Giovanni Jimalison : L’engagement au pluriel!
23 mai 2025
Dans un coin reculé d’Ambatolampy, à Haras, naît Giovanni, un garçon que la vie n’a pas épargné. Fils d’une mère célibataire, il grandit sans figure paternelle, au rythme des saisons agricoles et des combats judiciaires pour une terre familiale engloutie par la bureaucratie. Loin d’un conte de fées, son quotidien est fait de sacrifices silencieux : vendre des glaces pour payer des cours de maths, travailler la terre à midi au lieu de manger, être expulsé plusieurs fois d’écoles faute de moyens. Et au milieu de tout cela, l’école devient parfois un enfer, rythmée par les moqueries, les coups et les silences.
Mais au cœur de cette tempête, une flamme : celle que sa mère, militante de terrain et femme résiliente, a allumée en lui. Elle lui transmet bien plus qu’une éducation : une vision. Celle où l’injustice n’est pas une fatalité, mais un moteur pour construire.
Son premier terrain d’action ? Les jeunes. Ceux qu’on n’écoute pas. Ceux qui, comme lui, connaissent l’exclusion, la faim, la violence. Il commence à sensibiliser, à former, à parler. Dans les prisons pour mineurs, les écoles, les quartiers. Il utilise sa voix, parce qu’il sait ce que c’est de ne pas être entendu.
IRF TANORA : la bascule intérieure
Le véritable tournant survient en avril 2024, lorsqu’il intègre la formation du projet IRF TANORA, une initiative portée par le PNUD Madagascar, l’UNICEF et l’UNFPA, sous l'égide du Ministère de la Jeunesse, avec le soutien du Fonds pour la Consolidation de la Paix (PBF). Le projet vise à outiller la jeunesse malagasy pour devenir des bâtisseurs de paix et de gouvernance inclusive.
Durant quatre jours intenses, Giovanni découvre des outils qui changent sa manière de penser et d’agir : analyse causale des conflits, montage de projets communautaires, stratégie de plaidoyer sans confrontation violente. Pour la première fois, il comprend que la paix ne se limite pas à l'absence de guerre, mais commence dès qu’on lutte contre l’injustice quotidienne, la marginalisation silencieuse, les violences sociales invisibles.
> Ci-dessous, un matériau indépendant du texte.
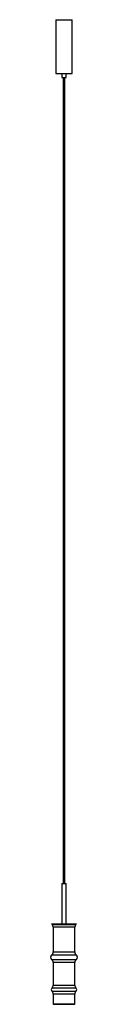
# Paper-space layout '_Frontal' of a CAD drawing. Header units: millimetres. Extents: x 50 to 150, y 112 to 3776.
import ezdxf

# ---------------------------------------------------------------- set-up
doc = ezdxf.new("R2010")
doc.units = ezdxf.units.MM

psp = doc.layouts.new('_Frontal')

# ---------------------------------------------------------------- linework, layer by layer
at = {"color": 7, "linetype": 'Continuous', "lineweight": 25}
for p, q in [((70, 3776.5), (70, 3576.5)), ((70, 3776.5), (130, 3776.5)), ((130, 3576.5), (130, 3776.5)), ((70, 3576.5), (130, 3576.5)), ((92.5, 3576.5), (92.5, 3561.5)), ((92.5, 3561.5), (107.5, 3561.5)), ((96.5, 3561.5), (96.5, 561.5)), ((103.5, 561.5), (103.5, 3561.5)), ((107.5, 3561.5), (107.5, 3576.5)), ((92.5, 561.5), (92.5, 411.5)), ((92.5, 561.5), (107.5, 561.5)), ((107.5, 411.5), (107.5, 561.5)), ((56.1, 411.5), (143.9, 411.5)), ((60, 398.3), (60, 306.5)), ((140, 306.5), (140, 398.3)), ((60, 266.5), (60, 183.3)), ((140, 183.3), (140, 266.5)), ((60, 149.7), (60, 112.5)), ((140, 112.5), (140, 149.7)), ((139, 111.5), (61, 111.5))]:
    psp.add_line(p, q, dxfattribs=at)
at = {"color": 8, "linetype": 'Continuous', "lineweight": 25}
for p, q in [((144.8, 410.2), (55.2, 410.2)), ((56.2, 408.2), (143.8, 408.2)), ((140, 398.3), (60, 398.3)), ((146, 294.5), (54, 294.5)), ((60, 306.5), (140, 306.5)), ((54, 278.5), (146, 278.5)), ((140, 266.5), (60, 266.5)), ((60, 183.3), (140, 183.3)), ((145, 172.1), (55, 172.1)), ((55, 160.9), (145, 160.9)), ((140, 149.7), (60, 149.7)), ((60, 112.5), (140, 112.5))]:
    psp.add_line(p, q, dxfattribs=at)
at = {"color": 7, "linetype": 'Continuous', "lineweight": 25}
for centre, radius, start, end in [((56.1, 410.5), 1, 90, 194.4775), ((60, 411.5), 5, 194.4775, 221.4096), ((45, 398.3), 15, 0, 41.4096), ((155, 398.3), 15, 138.5904, 180), ((140, 411.5), 5, 318.5904, 345.5225), ((143.9, 410.5), 1, 345.5225, 90), ((60, 286.5), 10, 126.8699, 233.1301), ((45, 306.5), 15, 306.8699, 0), ((155, 306.5), 15, 180, 233.1301), ((140, 286.5), 10, 306.8699, 53.1301), ((45, 266.5), 15, 0, 53.1301), ((155, 266.5), 15, 126.8699, 180), ((45, 183.3), 15, 311.8103, 0), ((155, 183.3), 15, 180, 228.1897), ((60, 166.5), 7.5, 131.8103, 228.1897), ((45, 149.7), 15, 0, 48.1897), ((155, 149.7), 15, 131.8103, 180), ((140, 166.5), 7.5, 311.8103, 48.1897), ((61, 112.5), 1, 180, 270), ((139, 112.5), 1, 270, 0)]:
    psp.add_arc(centre, radius, start, end, dxfattribs=at)

doc.saveas('drawing.dxf')

L'approche du projet IRF TANORA, centrée sur le pouvoir des jeunes comme agents de changement et sur la construction d'une paix durable en milieu universitaire, fait naître en Giovanni une conviction nouvelle : il peut non seulement rêver d’un monde meilleur, mais construire activement ce monde.
À la sortie de cette formation, il ne sera plus jamais le même. IRF TANORA n’a pas seulement enrichi ses connaissances : il a activé en lui un sens de mission.
De la théorie à l’action : naissance d’AVANA
À peine formé, Giovanni fonde l’initiative AVANA, un projet visant à déconstruire les clivages ethniques et sociaux à l’Université d’Antananarivo. Son objectif : créer des ponts là où il n’y avait que des murs. Sous sa coordination, des étudiants issus de diverses régions apprennent à se connaître, dialoguer, travailler ensemble. Pour la première fois, les divisions invisibles tombent, laissant place à une dynamique collective.
Le projet, soutenu par l’IRF TANORA, devient un modèle. Non pas parce qu’il est parfait, mais parce qu’il est vrai. Parce qu’il ose parler de ce que d’autres taisent. Parce qu’il est né de la réalité, pas d’un bureau.
Du local à l’international : un ambassadeur de paix à New York
Quelques mois plus tard, Giovanni est sélectionné pour représenter la jeunesse malagasy au prestigieux Sommet de l’Avenir à New York, un événement international convoqué par le Secrétaire général des Nations Unies, destiné à redéfinir les priorités globales pour les générations futures.
Son voyage n'est pas anodin : il est l’aboutissement de son engagement, reconnu par les Nations Unies, mais aussi une mission immense. Il n’y va pas en tant que simple participant : il y va en porte-voix de toute une jeunesse, celle qui rêve, qui lutte, qui construit.
Durant ce sommet, Giovanni participe à des plénières stratégiques, échange avec des représentants de haut niveau et présente la Déclaration officielle de la Jeunesse Malagasy, fruit d’un travail collectif. Il parle des réalités du terrain : du harcèlement scolaire aux défis de gouvernance universitaire, des fractures sociales aux besoins criants d’une jeunesse souvent laissée pour compte.
Sa prise de parole dépasse l'émotion : elle propose des solutions. Elle ancre la paix dans des actions concrètes. Elle montre au monde qu'à Madagascar aussi, des jeunes sont prêts à bâtir des ponts et pas des murs.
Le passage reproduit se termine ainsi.